"The Death of the Floppy" Examined to an Unhealthy Degree
As you may recall, I'm a fan of numbers. It's a serious fascination for me, and given my love of comics and statistics, it's impossible for me to not want to fuse them together. In a lot of ways, SKTCHD was my attempt to make a comic version of Fangraphs - I briefly even considered calling the site "Fanboygraphs," before I decided that was way too cheesy - because that baseball site is so good at marrying excellent writing with in-depth analysis of data.

These days, I'm not doing as much analysis of that variety because SKTCHD is, largely, just a depository for my podcasts. I just don't really do that kind of writing. And I'll be honest: I miss it. It's my favorite thing to do, writing wise.

That's why when John Jackson Miller over at Comichron tweeted out the following chart, my wheels began turning something fierce.

A little background before I talk about the information within the tweet. There's a fair amount of sentiment out there that we're in the death spiral of the "floppy" comic, or the single issue comic...or whatever you want to call it. That it's going to go away, and that the market for the single issue form is just not the same. Heidi MacDonald of The Beat, for one, came on Off Panel a little while ago and noted that she thinks we're on that path now. There are regular pieces about it elsewhere, and as Twitter does, there tends to be semi-regular hubbub along those lines in the comics Twitter conversation.

So Miller tweeting these numbers - which show the total orders of comics in Diamond Comic Distributor's Top 300 most ordered comics - was meant to quell those concerns. Yes, the death of the floppy narrative is out there, but look! April over the last 20 years has been fairly consistent, within a one million copy range! It certainly runs contrary to the perpetual doom and gloom that looms over the direct market, especially when you factor in the larger ecosystem that floppy exists in.

Think about it like this: typically in forms of entertainment, you see older formats decrease in viability as new ones are introduced. After all, we're not living in an era where people watch movies via streaming, blu rays, laser discs and Betamax. And in recent years, the book market for comics has exploded, while the digital marketplace has matured. We don't just have ComiXology, but other vendors like Marvel Unlimited, Hoopla, ComicBlitz and beyond. Webcomics have increased in viability as well, especially when you factor in the ability to combine them with crowd-funding services like Kickstarter or Patreon, which give creators the option of actually making money off them (fancy that!). Comics are everywhere, and there are more ways than ever to buy and read them.
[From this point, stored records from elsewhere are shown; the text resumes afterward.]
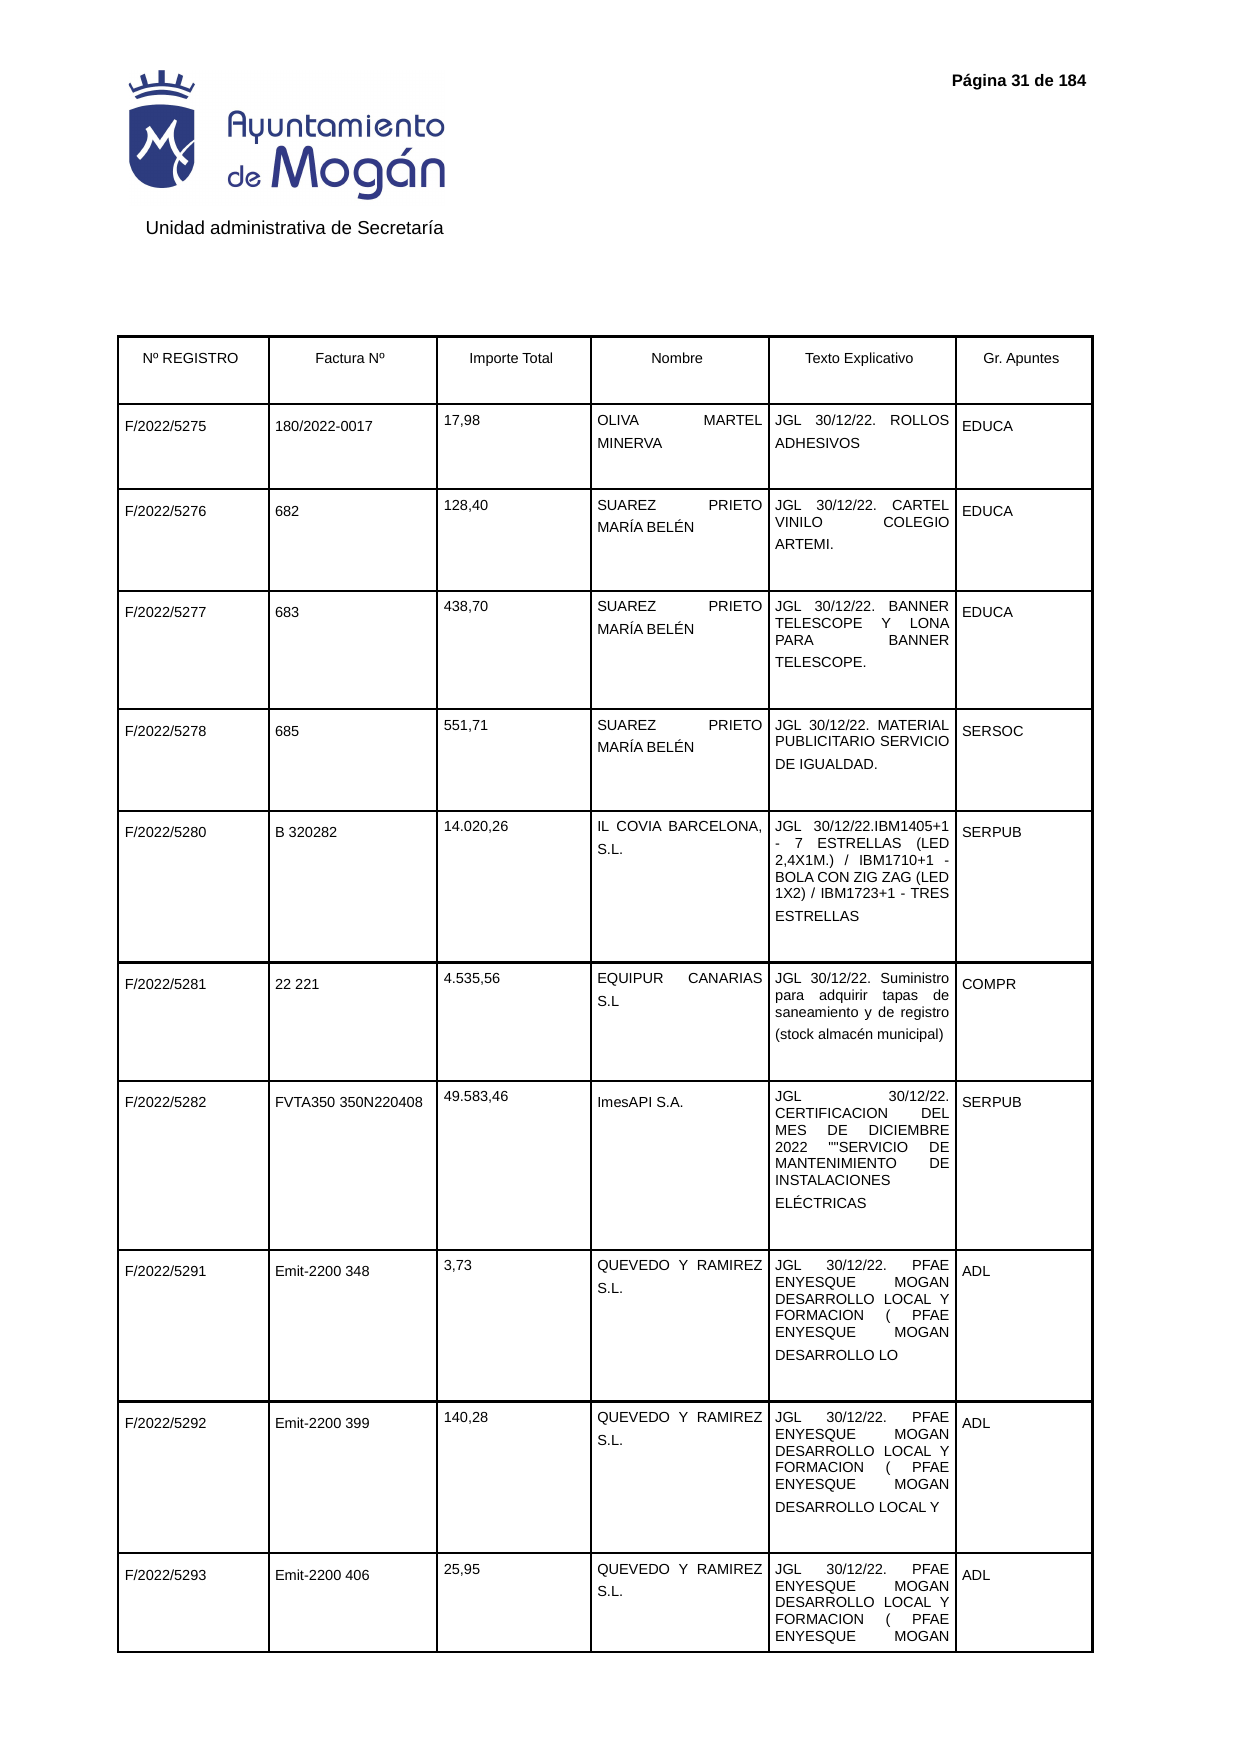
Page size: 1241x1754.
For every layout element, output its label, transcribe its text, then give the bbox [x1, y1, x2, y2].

table_cell F/2022/5281 [119, 964, 268, 1080]
table_cell SERPUB [957, 1082, 1091, 1248]
table_cell SERSOC [957, 710, 1091, 809]
table_cell JGL 30/12/22.IBM1405+1 - 7 ESTRELLAS (LED 2,4X1M.) / IBM1710+1 - BOLA CON ZIG ZAG (LED 1X2) / IBM1723+1 - TRES ESTRELLAS [770, 812, 955, 961]
table_cell EDUCA [957, 592, 1091, 708]
table_cell 551,71 [438, 710, 590, 809]
table_cell 180/2022-0017 [270, 405, 436, 488]
table_cell 14.020,26 [438, 812, 590, 961]
table_cell F/2022/5282 [119, 1082, 268, 1248]
table_cell 49.583,46 [438, 1082, 590, 1248]
table_cell F/2022/5292 [119, 1403, 268, 1552]
table_cell F/2022/5277 [119, 592, 268, 708]
table_cell Emit-2200 348 [270, 1251, 436, 1400]
table_cell JGL 30/12/22. CARTEL VINILO COLEGIO ARTEMI. [770, 490, 955, 590]
table_header Nº REGISTRO [119, 338, 268, 403]
table_cell 17,98 [438, 405, 590, 488]
table_cell IL COVIA BARCELONA, S.L. [592, 812, 768, 961]
table_cell 4.535,56 [438, 964, 590, 1080]
table_cell ImesAPI S.A. [592, 1082, 768, 1248]
table_cell OLIVA MARTEL MINERVA [592, 405, 768, 488]
table_cell ADL [957, 1403, 1091, 1552]
table_cell COMPR [957, 964, 1091, 1080]
table_cell ADL [957, 1554, 1091, 1651]
table_cell F/2022/5291 [119, 1251, 268, 1400]
table_cell EDUCA [957, 405, 1091, 488]
table_cell SUAREZ PRIETO MARÍA BELÉN [592, 592, 768, 708]
table_cell SUAREZ PRIETO MARÍA BELÉN [592, 710, 768, 809]
table_cell QUEVEDO Y RAMIREZ S.L. [592, 1554, 768, 1651]
table_cell 25,95 [438, 1554, 590, 1651]
table_cell EQUIPUR CANARIAS S.L [592, 964, 768, 1080]
table_cell 22 221 [270, 964, 436, 1080]
table_cell JGL 30/12/22. BANNER TELESCOPE Y LONA PARA BANNER TELESCOPE. [770, 592, 955, 708]
picture [128, 70, 445, 206]
table_cell EDUCA [957, 490, 1091, 590]
table_cell B 320282 [270, 812, 436, 961]
table_cell 3,73 [438, 1251, 590, 1400]
table_cell JGL 30/12/22. Suministro para adquirir tapas de saneamiento y de registro (stock almacén municipal) [770, 964, 955, 1080]
table_cell F/2022/5293 [119, 1554, 268, 1651]
table_cell 438,70 [438, 592, 590, 708]
table_cell JGL 30/12/22. PFAE ENYESQUE MOGAN DESARROLLO LOCAL Y FORMACION ( PFAE ENYESQUE MOGAN [770, 1554, 955, 1651]
table_cell FVTA350 350N220408 [270, 1082, 436, 1248]
table_cell ADL [957, 1251, 1091, 1400]
table_header Gr. Apuntes [957, 338, 1091, 403]
table_cell QUEVEDO Y RAMIREZ S.L. [592, 1251, 768, 1400]
table_header Factura Nº [270, 338, 436, 403]
table_cell Emit-2200 406 [270, 1554, 436, 1651]
table_cell JGL 30/12/22. MATERIAL PUBLICITARIO SERVICIO DE IGUALDAD. [770, 710, 955, 809]
table_cell Emit-2200 399 [270, 1403, 436, 1552]
table_header Texto Explicativo [770, 338, 955, 403]
table_cell F/2022/5276 [119, 490, 268, 590]
table_cell SERPUB [957, 812, 1091, 961]
table_cell JGL 30/12/22. PFAE ENYESQUE MOGAN DESARROLLO LOCAL Y FORMACION ( PFAE ENYESQUE MOGAN DESARROLLO LO [770, 1251, 955, 1400]
table_cell 683 [270, 592, 436, 708]
table_cell 682 [270, 490, 436, 590]
table_cell F/2022/5280 [119, 812, 268, 961]
table_cell JGL 30/12/22. ROLLOS ADHESIVOS [770, 405, 955, 488]
table_header Nombre [592, 338, 768, 403]
table_cell 685 [270, 710, 436, 809]
table_cell F/2022/5278 [119, 710, 268, 809]
table_cell 128,40 [438, 490, 590, 590]
table_cell F/2022/5275 [119, 405, 268, 488]
table_header Importe Total [438, 338, 590, 403]
table_cell 140,28 [438, 1403, 590, 1552]
table_cell JGL 30/12/22. CERTIFICACION DEL MES DE DICIEMBRE 2022 ""SERVICIO DE MANTENIMIENTO DE INSTALACIONES ELÉCTRICAS [770, 1082, 955, 1248]
table_cell SUAREZ PRIETO MARÍA BELÉN [592, 490, 768, 590]
table_cell QUEVEDO Y RAMIREZ S.L. [592, 1403, 768, 1552]
table_cell JGL 30/12/22. PFAE ENYESQUE MOGAN DESARROLLO LOCAL Y FORMACION ( PFAE ENYESQUE MOGAN DESARROLLO LOCAL Y [770, 1403, 955, 1552]

Yet, with all that expansion, the total orders in Diamond's Top 300 has stayed relatively static over the past 20 years.

On the surface, that's an enormously important thing. It runs contrary to how every other medium has behaved, and shows comics as an ecosystem that seemingly can support a wide array of formats at the same time. If the core element is flat while everything else grows, that's astonishing and atypical, and a very healthy thing indeed.
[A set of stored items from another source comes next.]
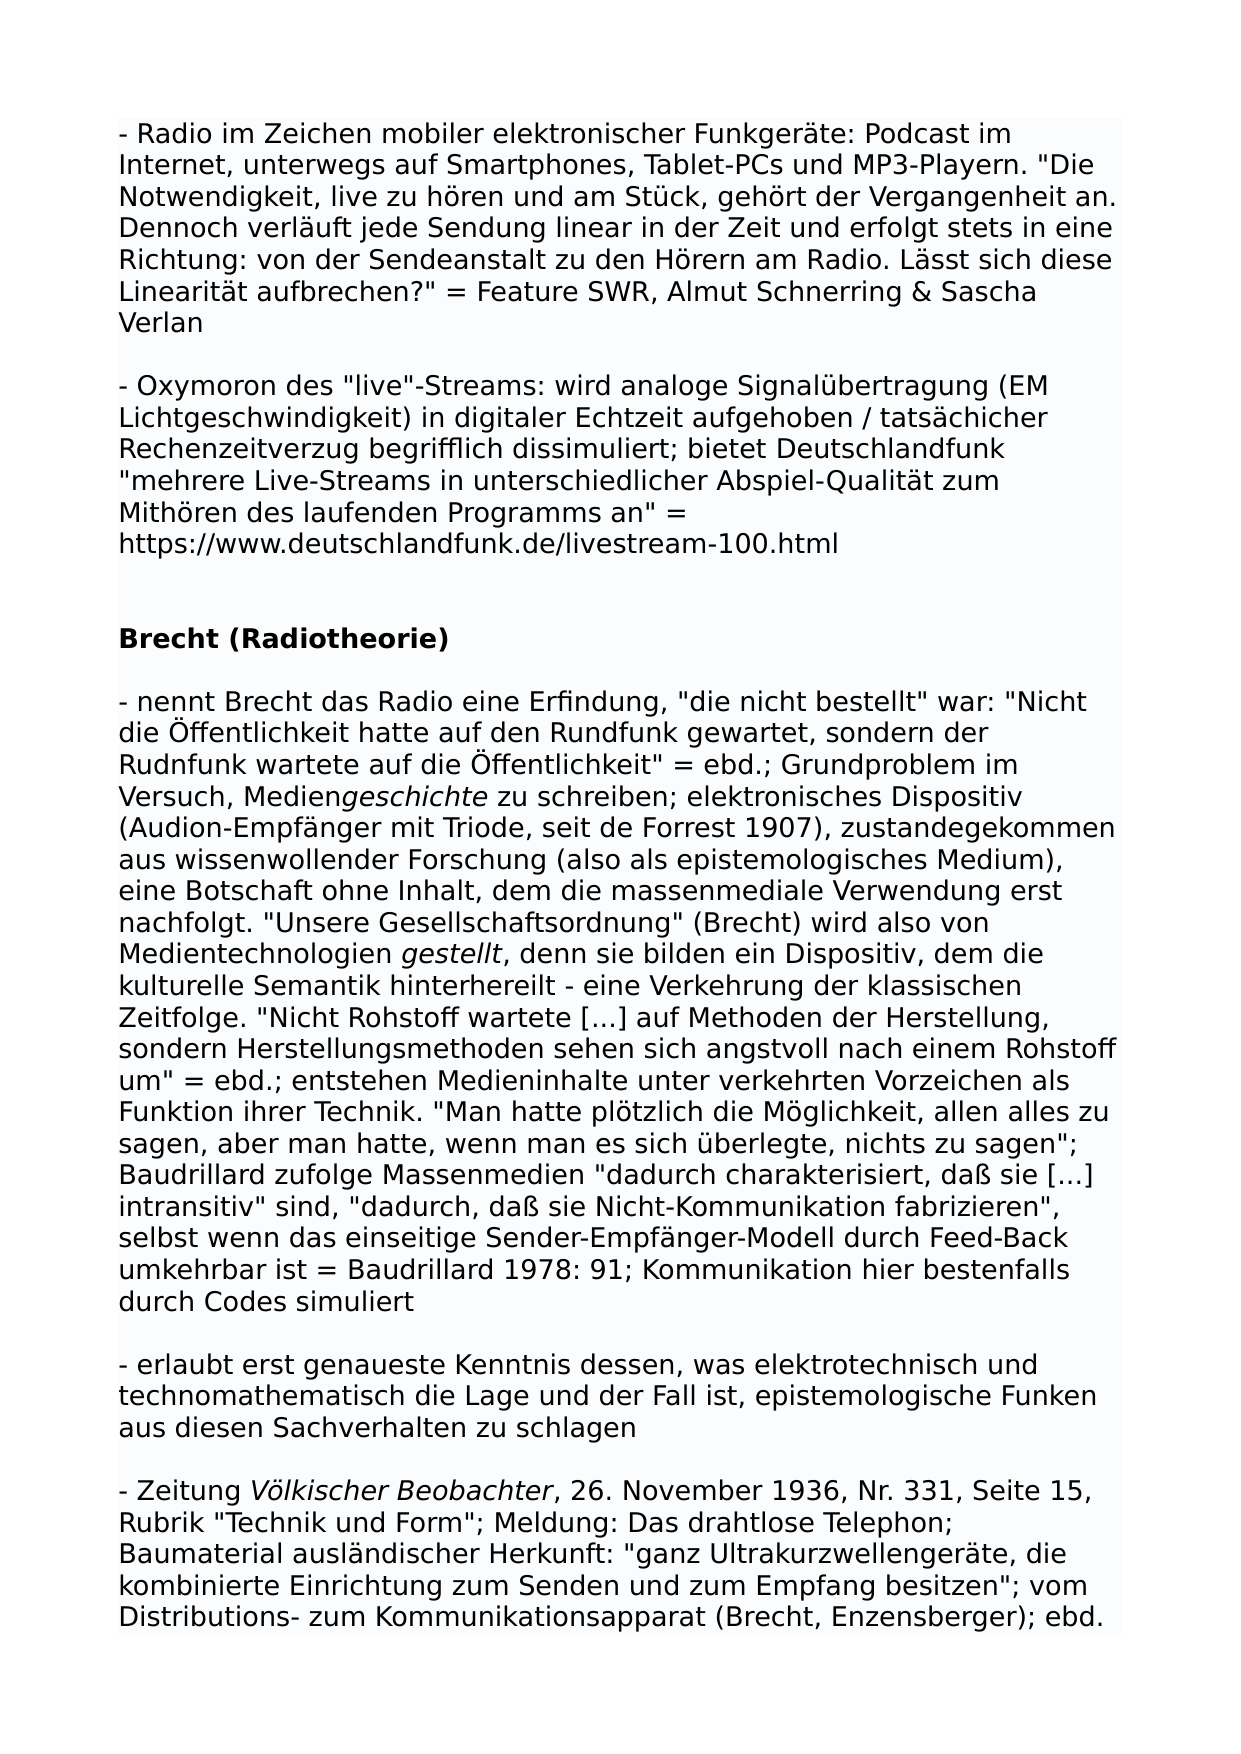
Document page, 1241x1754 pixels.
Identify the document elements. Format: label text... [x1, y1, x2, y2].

text - Oxymoron des "live"-Streams: wird analoge Signalübertragung (EM Lichtgeschwindigkeit) in digitaler Echtzeit aufgehoben / tatsächicher Rechenzeitverzug begrifflich dissimuliert; bietet Deutschlandfunk "mehrere Live-Streams in unterschiedlicher Abspiel-Qualität zum Mithören des laufenden Programms an" = https://www.deutschlandfunk.de/livestream-100.html [118, 371, 1122, 560]
text - erlaubt erst genaueste Kenntnis dessen, was elektrotechnisch und technomathematisch die Lage und der Fall ist, epistemologische Funken aus diesen Sachverhalten zu schlagen [118, 1349, 1122, 1444]
text - Radio im Zeichen mobiler elektronischer Funkgeräte: Podcast im Internet, unterwegs auf Smartphones, Tablet-PCs und MP3-Playern. "Die Notwendigkeit, live zu hören und am Stück, gehört der Vergangenheit an. Dennoch verläuft jede Sendung linear in der Zeit und erfolgt stets in eine Richtung: von der Sendeanstalt zu den Hörern am Radio. Lässt sich diese Linearität aufbrechen?" = Feature SWR, Almut Schnerring & Sascha Verlan [118, 118, 1122, 339]
text - Zeitung Völkischer Beobachter, 26. November 1936, Nr. 331, Seite 15, Rubrik "Technik und Form"; Meldung: Das drahtlose Telephon; Baumaterial ausländischer Herkunft: "ganz Ultrakurzwellengeräte, die kombinierte Einrichtung zum Senden und zum Empfang besitzen"; vom Distributions- zum Kommunikationsapparat (Brecht, Enzensberger); ebd. [118, 1475, 1122, 1633]
text - nennt Brecht das Radio eine Erfindung, "die nicht bestellt" war: "Nicht die Öffentlichkeit hatte auf den Rundfunk gewartet, sondern der Rudnfunk wartete auf die Öffentlichkeit" = ebd.; Grundproblem im Versuch, Mediengeschichte zu schreiben; elektronisches Dispositiv (Audion-Empfänger mit Triode, seit de Forrest 1907), zustandegekommen aus wissenwollender Forschung (also als epistemologisches Medium), eine Botschaft ohne Inhalt, dem die massenmediale Verwendung erst nachfolgt. "Unsere Gesellschaftsordnung" (Brecht) wird also von Medientechnologien gestellt, denn sie bilden ein Dispositiv, dem die kulturelle Semantik hinterhereilt - eine Verkehrung der klassischen Zeitfolge. "Nicht Rohstoff wartete [...] auf Methoden der Herstellung, sondern Herstellungsmethoden sehen sich angstvoll nach einem Rohstoff um" = ebd.; entstehen Medieninhalte unter verkehrten Vorzeichen als Funktion ihrer Technik. "Man hatte plötzlich die Möglichkeit, allen alles zu sagen, aber man hatte, wenn man es sich überlegte, nichts zu sagen"; Baudrillard zufolge Massenmedien "dadurch charakterisiert, daß sie [...] intransitiv" sind, "dadurch, daß sie Nicht-Kommunikation fabrizieren", selbst wenn das einseitige Sender-Empfänger-Modell durch Feed-Back umkehrbar ist = Baudrillard 1978: 91; Kommunikation hier bestenfalls durch Codes simuliert [118, 686, 1122, 1317]
text Brecht (Radiotheorie) [118, 623, 1122, 655]

However, it is worth noting that comic orders - despite what you might think - see huge variance on a month-to-month basis. When I see this kind of thing show up, bells start ringing in my business school brain. "Small sample size!" "Cherry-picking data!" "It's not representative of the whole necessarily!" While Miller very well could be right, my Spidey sense was tingling, which meant I only had one option: I had to fill the holes in the data to find some answers. 

So I did that, as I started with April of 1998 and filled out the data for every month over those two decades, looking through it in full to see if Miller was right. Normally, I'd write up a thorough but focused piece aimed at a central point, but in the process of putting this together, I accumulated a lot of interesting data, not all of which tied into a central point. So instead of that focused route, I'm going to share all of the findings I uncovered by looking over 20 years of data, breaking it down in my own way and hopefully coming to some interesting conclusions in the process. Let's start with the main point: has the market largely been consistent despite the growth of comics in other channels?
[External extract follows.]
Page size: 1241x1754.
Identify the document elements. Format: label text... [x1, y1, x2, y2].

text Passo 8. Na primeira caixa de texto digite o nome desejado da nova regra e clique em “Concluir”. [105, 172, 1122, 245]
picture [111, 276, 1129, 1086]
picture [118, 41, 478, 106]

A few key notes before we get started

First off, all of the data came from Comichron, the most valuable site on the comics Internet.

One of the first things I did with all of this information was I made a rule for myself: I wouldn't look at everything on a month-by-month basis because, as I noted, there's just too much variance month-to-month to make that information super predictive. Instead, I decided to look at everything in 6 month rolling averages to see how the chunks break down. With more data in each section, the month-to-month noise is less problematic (or I hoped it was, at least).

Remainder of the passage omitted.